In this case, the matrix exponent-based method applied to the weighted call graph produced a more transparent and distinct estimate of authority relative to the rankings of the ob-. If we compare the results of unweighted and weighted call graphs (Benzi's method), we see that in terms of nodes, the cs malloc() function ranks first among non-. But for the weighted call graph, we can see that all five features have different ranks, making it unambiguous.

Hub: The two functions call() and operator[]*() are ranked number one and number two respectively for the unweighted call graph. For the weighted call graph, the function operator[]*() and the call() function are ranked number one and number two, respectively. Authority: Regarding unweighted call graph, if we look at Figure 4.25, we can see some ambiguity for the hes fg map() and jac g map() functions.

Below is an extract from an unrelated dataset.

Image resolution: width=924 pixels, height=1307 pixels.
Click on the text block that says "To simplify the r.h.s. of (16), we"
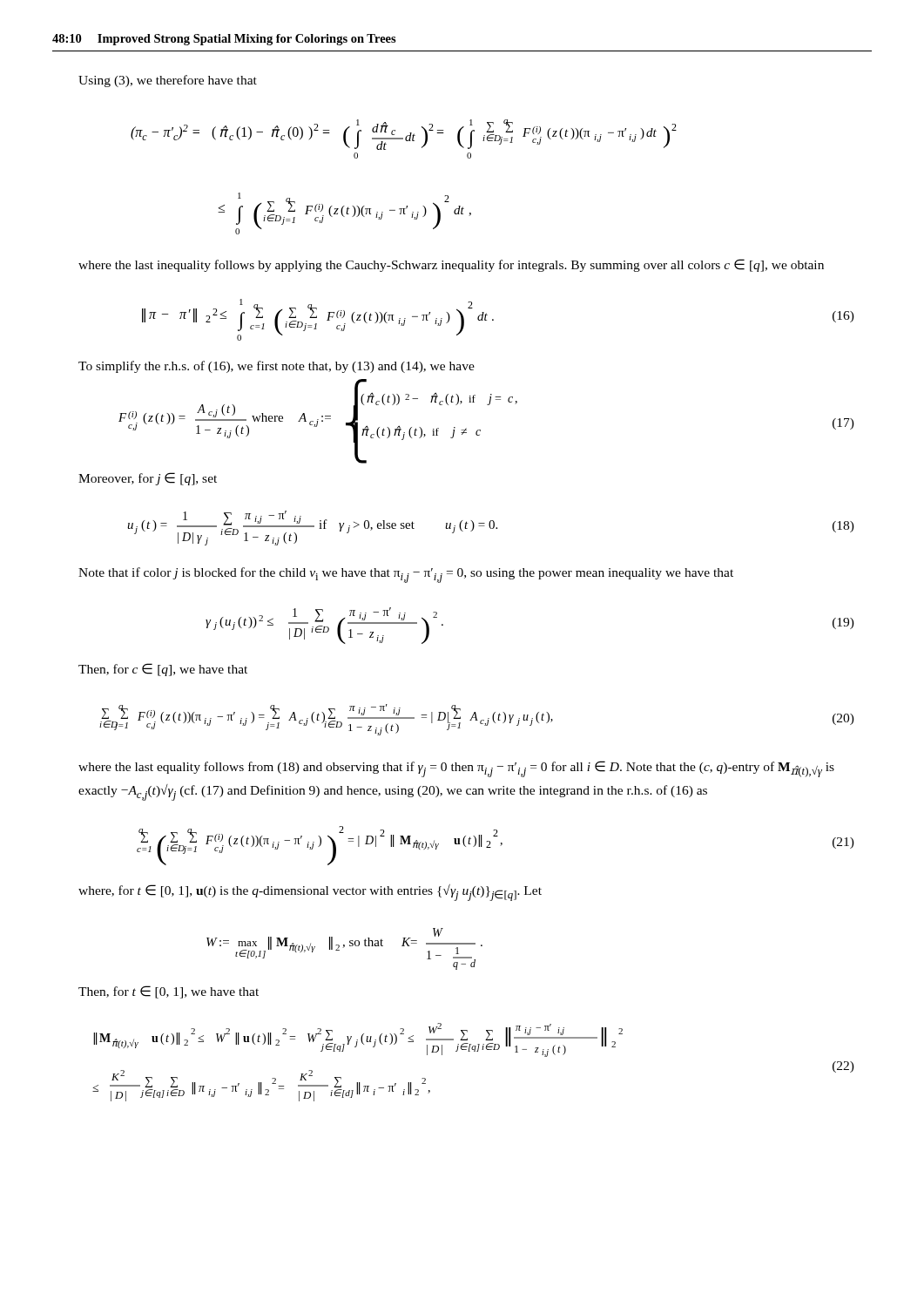pyautogui.click(x=276, y=366)

The DSM of the call graph provides a convenient tool so that linear algebraic techniques can be applied to identify important callers and calls through the computation of matrix exponentials. HITS and Benzi et al method were applied to both non-weighted call graph and weighted call graph. Our experiments also indicate that the ranking obtained from Benzi et al method applied to non-weighted call graph differs from the ranking obtained from weighted call graph.

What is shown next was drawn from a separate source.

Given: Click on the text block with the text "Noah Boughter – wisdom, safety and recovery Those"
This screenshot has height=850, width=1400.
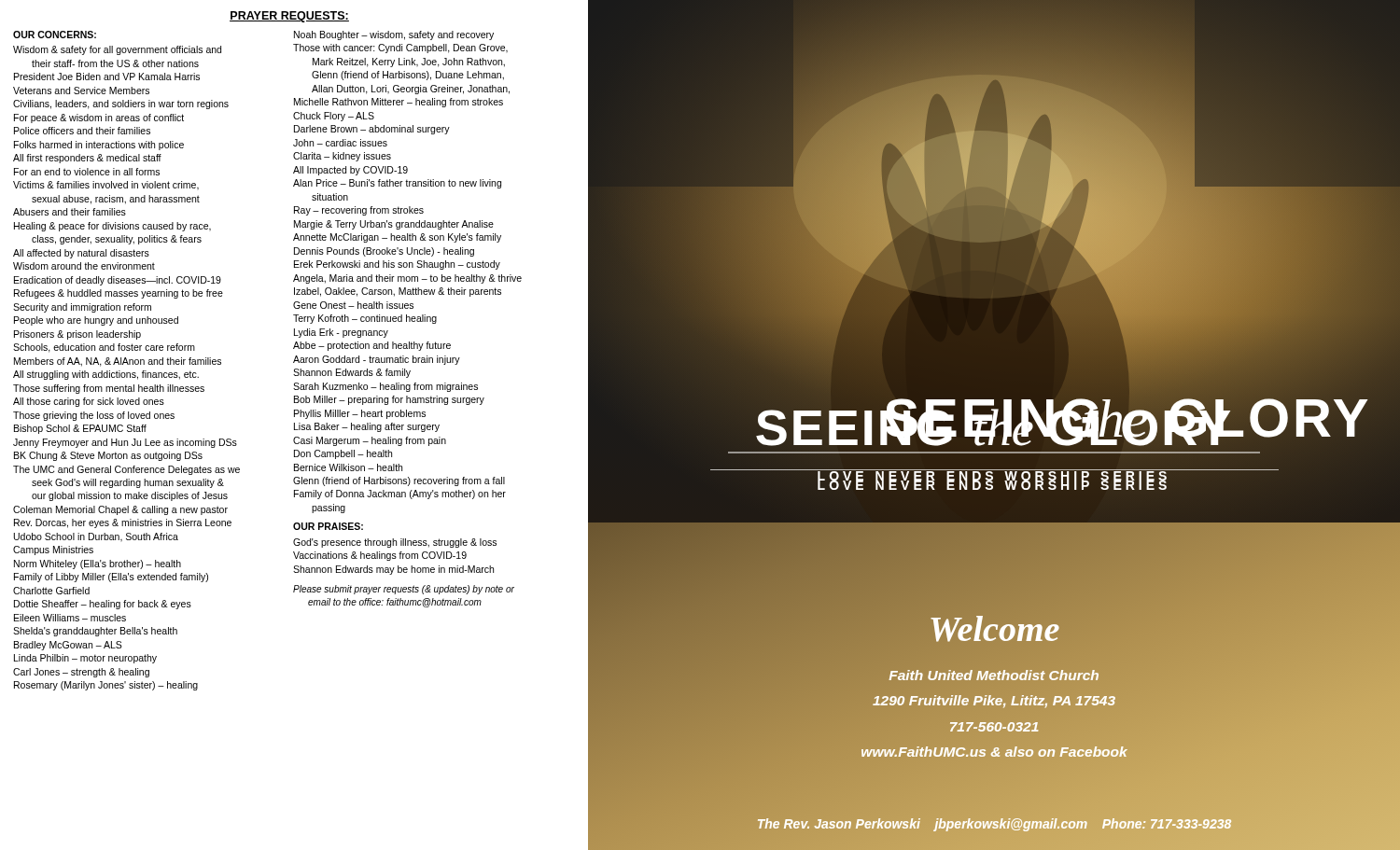Looking at the screenshot, I should [429, 271].

As we have seen in Chapter 4, there is some ambiguity in the ranking obtained from unweighted call graph, but later resolved by producing all distinct values when applied to weighted call graph. This is to be expected since weighted call graph contains more information than unweighted call graph.

SUMMARY AND FUTURE WORK

Dependency models as a basis for software product platform modularity analysis: a case study in strategic software design rationalization.